Heliostat fields can take many forms (the radial stagger layout with different heliostat packing density in multiple zones seems to be the dominant one). One of my earlier (and naïve) attempts was to treat the coordinates of every heliostat as parameters and use genetic algorithms to find optimal coordinates. In principle, there is nothing wrong with this approach. In reality, however, the algorithm tends to generate a lot of heliostat layouts that appear to be random distributions (later on, I realized that the problem is as challenging as protein folding if you know what it is -- when there are a lot of heliostats, there are just too many local optima that can easily trap a genetic algorithm to the extent that it would probably never find the global optimum within the computational time frame that we can imagine). While a "messy" layout might in fact generate more electricity than a "neat" one, it is highly unlikely that a serious engineer would recommend such a solution and a serious manager would approve it, especially for large projects that cost hundreds of million of dollars to construct. For one thing, a seemingly stochastic distribution would not present the beauty of the Ivanpah Solar Power Facility through the lens of the famed photographers like Jamey Stillings.

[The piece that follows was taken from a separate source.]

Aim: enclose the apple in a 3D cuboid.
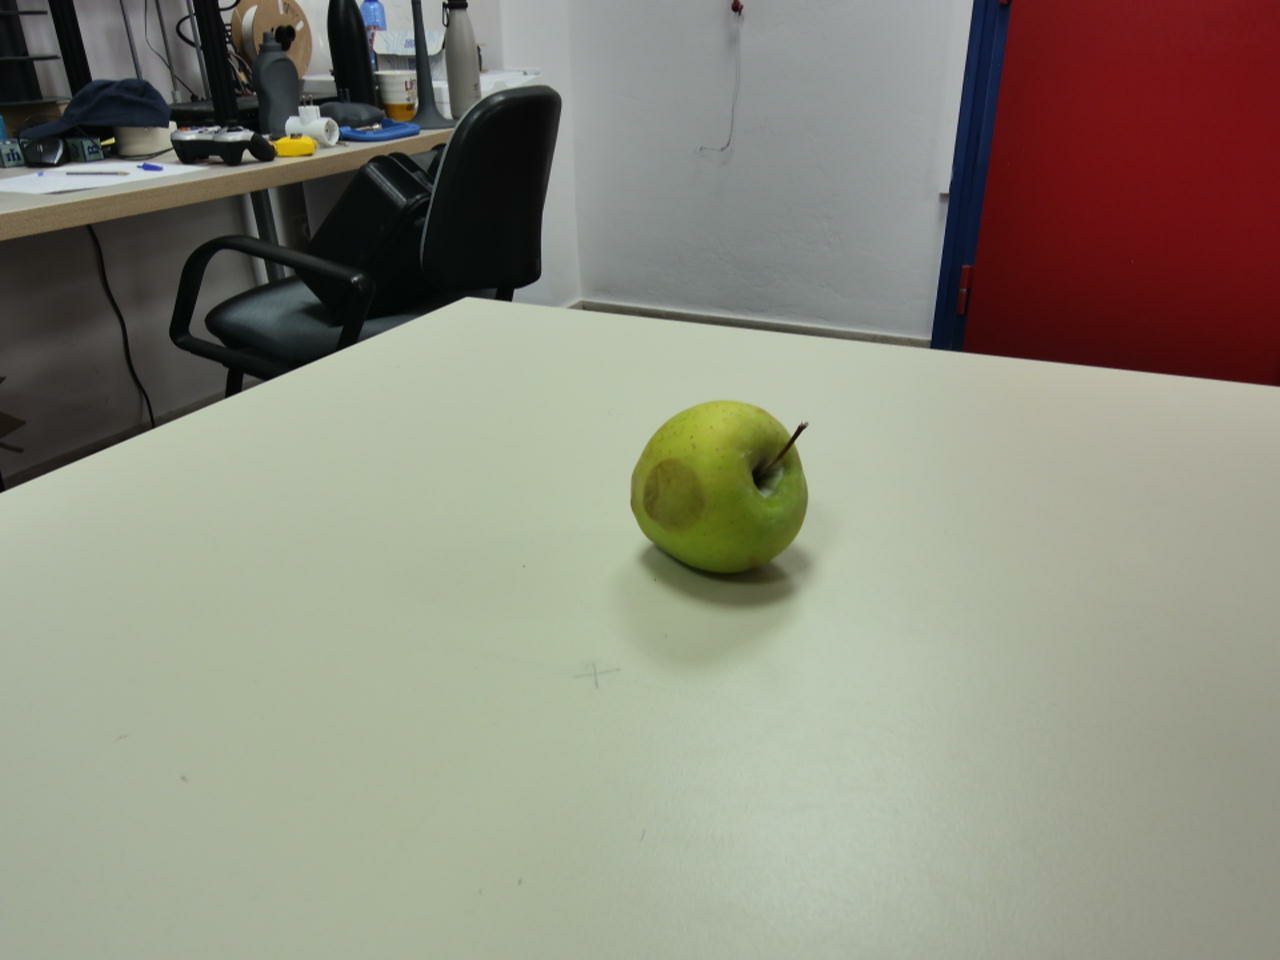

In this article, I chose a biomimetic pattern proposed by Noone, Torrilhon, and Mitsos in 2012 based on Fermat's spiral as the template. The Fermat spiral can be expressed as a simple parametric equation, which in its discrete form has two parameters: a divergence parameter β that specifies the angle the next point should rotate and a radial parameter b that specifies how far the point should be away from the origin, as shown in Figure 1.

Figure 2: Possible heliostat field patterns based on Fermat's spiral.
When β = 137.508° (the so-called golden angle), we arrive at Vogel's model that shows the pattern of florets like the ones we see in sunflowers and daisies (Figure 1). Before using a genetic algorithm, I first explored the design possibilities manually by using the spiral layout manager I wrote for Energy3D. Figure 2 shows some of the interesting patterns I came up with that appear to be sufficiently distinct. These patterns may give us some ideas about the solution space.
Figure 3: Standard genetic algorithm result.
Figure 4: Micro genetic algorithm result.

Then I used the standard genetic algorithm to find a viable solution. In this study, I allowed only four parameters to change: the divergence parameter β, the width and height of the heliostats (which affect the radial parameter b), and the radial expansion ratio (the degree to which the radial distance of the next heliostat should be relative to that of the current one in order to evaluate how much the packing density of the heliostats should decrease with respect to the distance from the tower). Figure 3 shows the result after evaluating 200 different patterns, which seems to have converged to the sunflower pattern. The corresponding divergence parameter β was found to be 139.215°, the size of the heliostats to be 4.63m×3.16m, and the radial expansion ratio to be 0.0003. Note that the difference between β and the golden angle cannot be used alone as the criterion to judge the resemblance of the pattern to the sunflower pattern as the distribution also depends on the size of the heliostat, which affects the parameter b.

I also tried the micro genetic algorithm. Figure 4 shows the best result after evaluating 200 patterns, which looks quite similar to Figure 3 but performs slightly less. The corresponding divergence parameter β was found to be 132.600°, the size of the heliostats to be 4.56m×3.17m, and the radial expansion ratio to be 0.00033.

In conclusion, genetic algorithms seem to be able to generate Fermat spiral patterns that resemble the sunflower pattern, judged from the looks of the final patterns.